The observed disruption of cingulate functional connectivity in schizophrenia was independent of clinical presentation and was highly specific, both anatomically and cognitively. That is, it was observed in relation to cingulo-prefrontal connections and seen in the setting of the most demanding version of the task. The anatomical relationship between these structures is well established, and the functional system which these regions support has been theoretically implicated in both schizophrenia and attentional (dys)function. The medial superior frontal gyrus and anterior cingulate are major components of the archicortical system, according to Sanides' ‘evolutionary cytoarchitectonic dual trends’ model (Sanides, 1969). The archicortical system is theoretically distinct from the more ventrolateral palaeocortical system, a partitioning corroborated by extensive autoradiographic tracing studies (Pandya et al., 1981). Bilder and co-workers suggest that this dual division of frontal neocortex is directly relevant to understanding the neurocognitive deficits of schizophrenia, and that the profile of neuropsychological impairment in schizophrenia is consistent with a defect of the archicortical trend (Bilder, 1997; Christensen and Bilder, 2000). More specifically, Tamminga et al. (2000, 2003) have suggested that attentional and working memory deficits in schizophrenia are a consequence of anterior cingulate and medial frontal dysfunction. The observation of disrupted connectivity between anterior cingulate and medial frontal cortex in the current study is, therefore, consistent with several contemporary theories of the pathophysiology of schizophrenia. Furthermore, we have demonstrated that these misconnections within frontal cortex have important implications for cortico-cerebellar interactions.
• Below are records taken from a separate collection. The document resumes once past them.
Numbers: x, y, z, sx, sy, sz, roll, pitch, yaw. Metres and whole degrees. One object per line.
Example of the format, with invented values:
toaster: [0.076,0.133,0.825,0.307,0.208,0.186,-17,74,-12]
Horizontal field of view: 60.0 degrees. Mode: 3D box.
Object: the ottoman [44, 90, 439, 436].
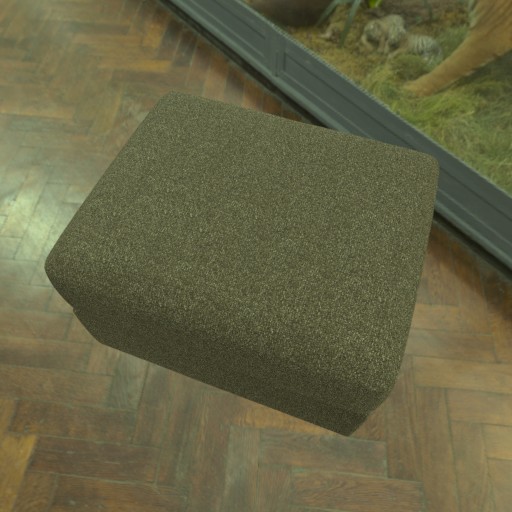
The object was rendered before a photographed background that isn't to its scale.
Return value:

The relationship between specific symptoms and disconnections within the CCTCC is not yet known. Andreasen et al. (1999) proposed that disruptions of the CCTCC could engender different symptom profiles. In relation to negative symptoms, it was suggested that impedance of information flow in the circuit could give rise to symptoms such as alogia or affective blunting. One possibility is that symptom formation may be linked to specific disconnections within the CCTCC. In this study we observed that functional connectivity between anterior cingulate and SMA was disrupted in patients with negative symptoms, but not in patients with primarily positive symptoms. There are strong anatomical connections between these two regions (Bates and Goldman-Rakic, 1993; Luppino et al., 1993) and it has been suggested that they are involved jointly in mediating the context-sensitive, goal-setting functions of the prefrontal cortex, sensory analysis functions of the inferior parietal lobule, and the executive components of the motor system (Goldberg, 1985). Posner and Raichle (1996), moreover, proposed that midline frontal areas including anterior cingulate cortex and SMA participated in a key aspect of attentional control: ‘the control of goal-directed behaviour, target detection, error detection, conflict resolution and inhibition of automatic responses,’ (Berger and Posner, 2000). It is possible that the observed disruption of cingulate-SMA connectivity in patients with negative symptoms causes or reflects a failure to engage in these attentional controlling processes leading to impaired target detection as observed in this study. Perhaps, more generally, they could be manifest in a disruption of goal-directed behaviour, providing a physiological basis for the generation of negative symptoms in schizophrenia. This is compatible with the assessment of the post-operative pattern of cognitive impairments reported by Ochsner et al. (2001) in a psychiatric patient following anterior cingulotomy. The observed deficits led them to conclude: ‘anterior cingulate cortex may monitor the goal-related significance of stimuli and signal (to other prefrontal components of the executive control system) when behavioural change and re-orientation of attention is required.’ (Ochsner et al., 2001).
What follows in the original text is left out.